=== Begin Enclosure ===
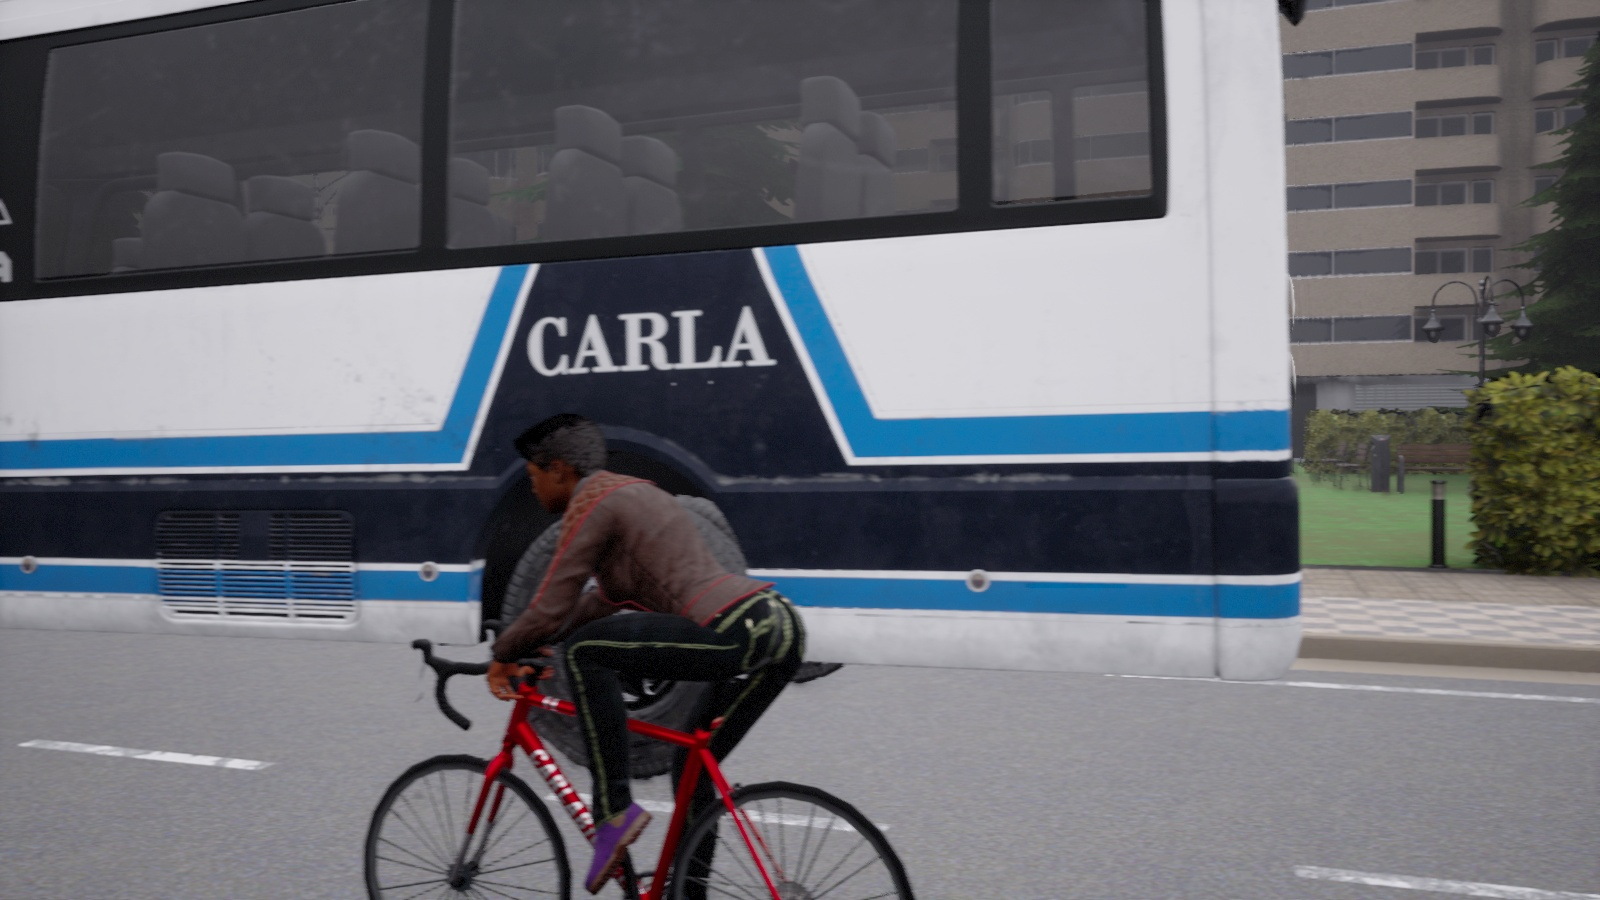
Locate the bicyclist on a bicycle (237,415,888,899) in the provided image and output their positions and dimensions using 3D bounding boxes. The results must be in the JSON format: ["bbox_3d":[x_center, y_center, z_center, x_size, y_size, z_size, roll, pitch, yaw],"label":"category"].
[{"bbox_3d":[-0.638,0.722,3.407,1.656,1.620,0.582,0,1,19],"label":"bicyclist on a bicycle"}]

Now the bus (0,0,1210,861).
[{"bbox_3d":[-2.885,-0.687,7.836,10.273,4.253,3.944,0,1,19],"label":"bus"}]
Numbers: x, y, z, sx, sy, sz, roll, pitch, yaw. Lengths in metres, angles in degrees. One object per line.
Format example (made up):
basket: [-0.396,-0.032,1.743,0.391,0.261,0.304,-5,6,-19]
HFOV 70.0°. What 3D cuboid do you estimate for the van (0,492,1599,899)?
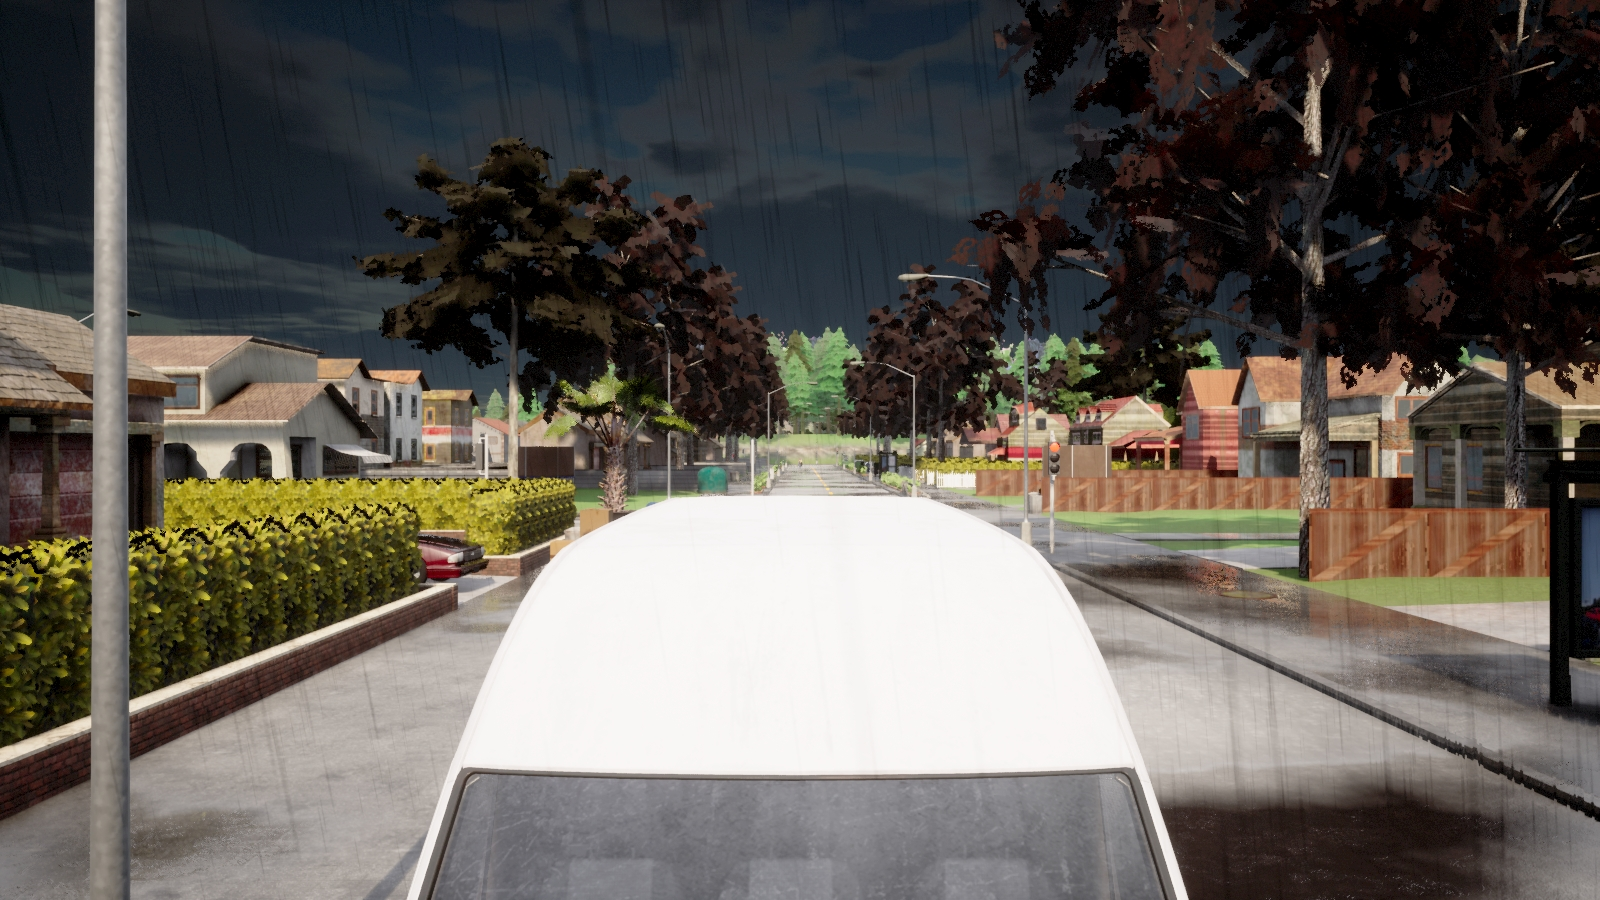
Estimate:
van: [0.002,1.537,4.030,1.988,2.561,5.915,0,0,0]
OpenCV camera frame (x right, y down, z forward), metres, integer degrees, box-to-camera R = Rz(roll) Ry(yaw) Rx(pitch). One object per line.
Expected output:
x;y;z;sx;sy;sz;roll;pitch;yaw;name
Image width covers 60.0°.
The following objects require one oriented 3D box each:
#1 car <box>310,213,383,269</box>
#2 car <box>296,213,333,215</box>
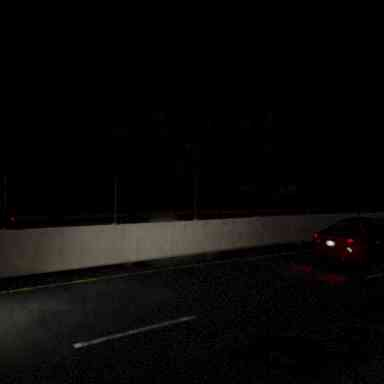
6.032;1.554;11.188;4.181;1.385;1.994;0;0;-28;car
7.737;1.523;20.146;5.357;1.411;2.033;0;0;-25;car
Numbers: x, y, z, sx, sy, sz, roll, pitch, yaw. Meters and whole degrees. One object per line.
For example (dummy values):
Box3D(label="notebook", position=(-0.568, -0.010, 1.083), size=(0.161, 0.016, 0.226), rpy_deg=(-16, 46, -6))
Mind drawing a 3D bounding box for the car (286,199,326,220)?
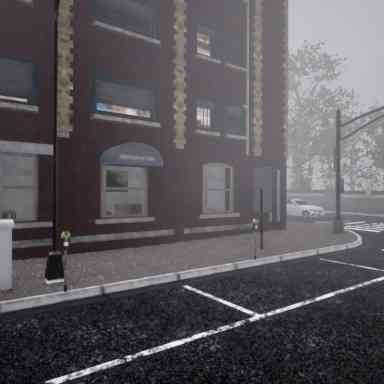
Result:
Box3D(label="car", position=(8.008, 1.256, 25.815), size=(1.812, 1.442, 4.674), rpy_deg=(0, 1, -36))
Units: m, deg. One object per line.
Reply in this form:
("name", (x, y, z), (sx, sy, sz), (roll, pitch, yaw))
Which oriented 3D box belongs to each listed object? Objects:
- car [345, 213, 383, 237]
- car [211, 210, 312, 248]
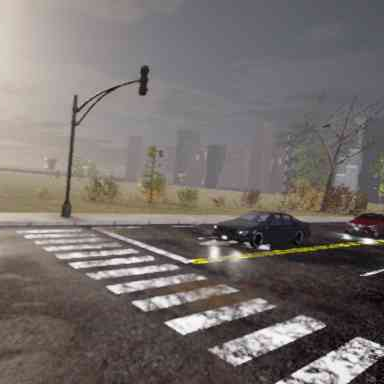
("car", (12.250, 2.177, 22.646), (4.674, 1.442, 1.812), (4, 2, -41))
("car", (3.334, 1.563, 14.964), (5.357, 1.411, 2.033), (4, 2, -41))
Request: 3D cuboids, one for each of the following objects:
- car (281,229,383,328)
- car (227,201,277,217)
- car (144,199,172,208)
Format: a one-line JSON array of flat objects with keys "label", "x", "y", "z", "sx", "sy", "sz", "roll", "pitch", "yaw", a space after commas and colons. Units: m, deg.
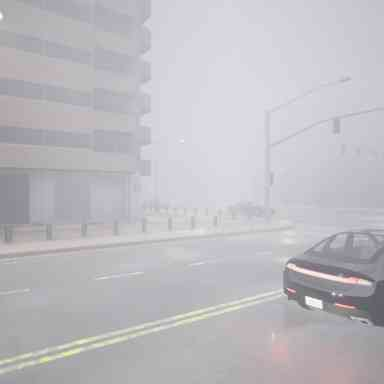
[{"label": "car", "x": 3.876, "y": 1.492, "z": 6.511, "sx": 4.902, "sy": 1.511, "sz": 2.128, "roll": 0, "pitch": 0, "yaw": -35}, {"label": "car", "x": 5.494, "y": 1.545, "z": 30.774, "sx": 1.895, "sy": 1.301, "sz": 4.718, "roll": 0, "pitch": 0, "yaw": -35}, {"label": "car", "x": -4.647, "y": 1.545, "z": 45.298, "sx": 1.895, "sy": 1.301, "sz": 4.718, "roll": 0, "pitch": 0, "yaw": -35}]
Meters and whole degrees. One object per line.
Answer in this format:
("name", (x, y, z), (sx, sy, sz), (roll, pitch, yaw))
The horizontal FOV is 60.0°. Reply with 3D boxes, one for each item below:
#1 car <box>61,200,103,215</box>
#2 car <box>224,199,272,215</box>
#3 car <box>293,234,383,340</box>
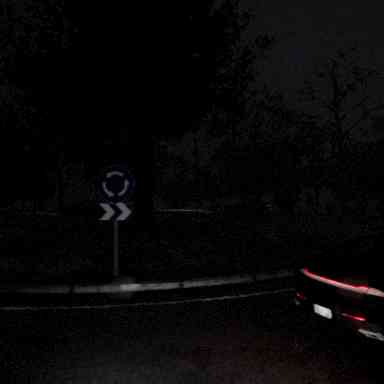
("car", (-10.686, 1.540, 34.359), (5.357, 1.411, 2.033), (0, 0, -25))
("car", (5.516, 1.482, 33.334), (4.902, 1.511, 2.128), (0, 0, 36))
("car", (4.054, 1.490, 5.795), (4.902, 1.511, 2.128), (0, 0, -25))
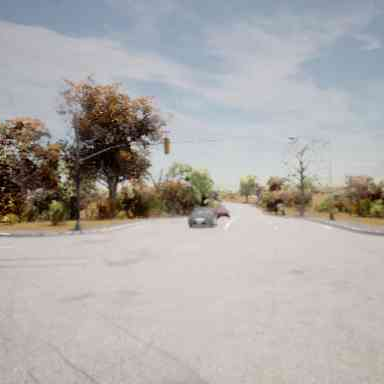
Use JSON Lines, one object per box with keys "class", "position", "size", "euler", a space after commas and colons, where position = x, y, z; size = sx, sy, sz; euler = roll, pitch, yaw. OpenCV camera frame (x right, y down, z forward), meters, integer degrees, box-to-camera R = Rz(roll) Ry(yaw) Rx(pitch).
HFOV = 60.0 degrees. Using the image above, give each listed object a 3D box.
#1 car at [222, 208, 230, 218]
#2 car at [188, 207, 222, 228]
{"class": "car", "position": [4.737, 3.187, 50.407], "size": [1.882, 1.535, 5.008], "euler": [-1, -4, 9]}
{"class": "car", "position": [0.888, 1.907, 25.468], "size": [2.128, 1.511, 4.902], "euler": [-1, -2, 9]}
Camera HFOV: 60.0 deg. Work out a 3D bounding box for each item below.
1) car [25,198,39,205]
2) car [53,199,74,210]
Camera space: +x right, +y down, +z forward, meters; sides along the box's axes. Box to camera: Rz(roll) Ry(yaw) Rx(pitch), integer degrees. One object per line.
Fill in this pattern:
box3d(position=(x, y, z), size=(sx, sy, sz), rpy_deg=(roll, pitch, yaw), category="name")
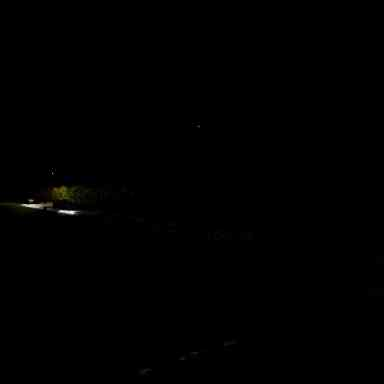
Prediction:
box3d(position=(-31.162, 1.805, 64.654), size=(2.033, 1.411, 5.357), rpy_deg=(0, 0, -35), category="car")
box3d(position=(-17.822, 1.718, 45.939), size=(2.128, 1.511, 4.902), rpy_deg=(0, 0, -35), category="car")
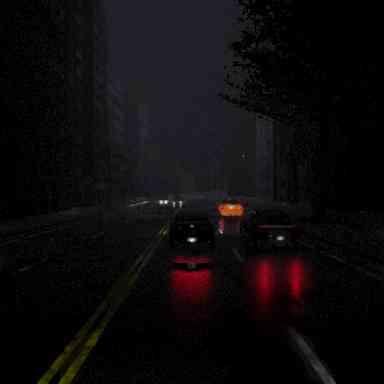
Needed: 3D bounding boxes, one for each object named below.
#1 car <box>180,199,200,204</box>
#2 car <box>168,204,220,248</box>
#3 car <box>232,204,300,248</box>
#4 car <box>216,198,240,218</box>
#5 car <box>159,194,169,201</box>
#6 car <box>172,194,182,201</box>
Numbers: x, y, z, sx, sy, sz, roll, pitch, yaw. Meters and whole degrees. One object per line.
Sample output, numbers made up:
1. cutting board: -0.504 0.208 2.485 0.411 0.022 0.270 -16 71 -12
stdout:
1. car: 0.000 1.576 29.680 1.895 1.301 4.718 0 0 0
2. car: 0.000 1.508 14.650 1.837 1.490 4.892 0 0 0
3. car: 3.250 1.486 14.650 2.128 1.511 4.902 0 0 0
4. car: 3.250 1.326 29.619 2.097 1.767 4.553 0 0 0
5. car: -6.452 1.209 76.698 2.128 1.511 4.902 0 0 1
6. car: -3.228 1.251 74.416 1.837 1.490 4.892 0 0 0
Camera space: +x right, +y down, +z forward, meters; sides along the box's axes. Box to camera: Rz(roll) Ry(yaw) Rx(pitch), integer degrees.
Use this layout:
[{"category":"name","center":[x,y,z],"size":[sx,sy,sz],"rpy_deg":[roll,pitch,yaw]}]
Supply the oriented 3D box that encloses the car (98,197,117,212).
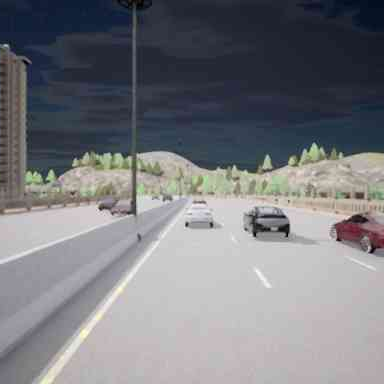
[{"category":"car","center":[-9.844,1.586,40.527],"size":[2.033,1.411,5.357],"rpy_deg":[0,0,1]}]

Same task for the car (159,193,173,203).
[{"category":"car","center":[-5.548,1.309,75.222],"size":[2.150,2.045,5.566],"rpy_deg":[0,0,1]}]

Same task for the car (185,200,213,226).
[{"category":"car","center":[0.494,1.552,23.262],"size":[1.812,1.442,4.674],"rpy_deg":[0,0,1]}]

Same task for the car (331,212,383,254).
[{"category":"car","center":[7.302,1.545,13.461],"size":[1.812,1.442,4.674],"rpy_deg":[0,0,1]}]

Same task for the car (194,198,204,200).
[{"category":"car","center":[0.860,1.537,41.229],"size":[2.128,1.511,4.902],"rpy_deg":[0,0,1]}]

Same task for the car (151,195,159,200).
[{"category":"car","center":[-8.908,1.425,82.108],"size":[1.837,1.490,4.892],"rpy_deg":[0,0,1]}]

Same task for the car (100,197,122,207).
[{"category":"car","center":[-13.041,1.544,53.880],"size":[2.128,1.511,4.902],"rpy_deg":[0,0,2]}]

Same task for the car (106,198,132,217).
[{"category":"car","center":[-6.519,1.557,32.271],"size":[1.812,1.442,4.674],"rpy_deg":[0,0,1]}]

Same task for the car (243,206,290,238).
[{"category":"car","center":[3.888,1.514,17.933],"size":[2.128,1.511,4.902],"rpy_deg":[0,0,1]}]
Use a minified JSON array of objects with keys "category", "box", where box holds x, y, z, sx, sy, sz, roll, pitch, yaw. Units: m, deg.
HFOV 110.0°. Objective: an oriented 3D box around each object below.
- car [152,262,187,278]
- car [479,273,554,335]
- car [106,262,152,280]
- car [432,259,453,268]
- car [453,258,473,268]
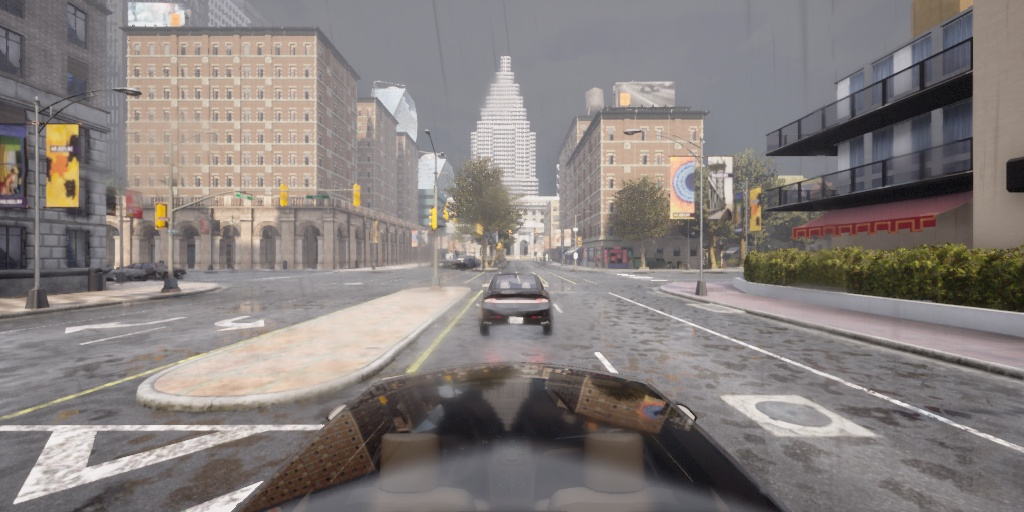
=== End Enclosure ===
__PROBLEM DESCRIPTION__
Please reproduce exactly the lines in the listing above from the one containing "Answer in this" through the one containing "#2 car <box>224,199,272,215</box>", both included, and nothing more.

__ANSWER BELOW__
Answer in this format:
("name", (x, y, z), (sx, sy, sz), (roll, pitch, yaw))
The horizontal FOV is 60.0°. Reply with 3D boxes, one for each item below:
#1 car <box>61,200,103,215</box>
#2 car <box>224,199,272,215</box>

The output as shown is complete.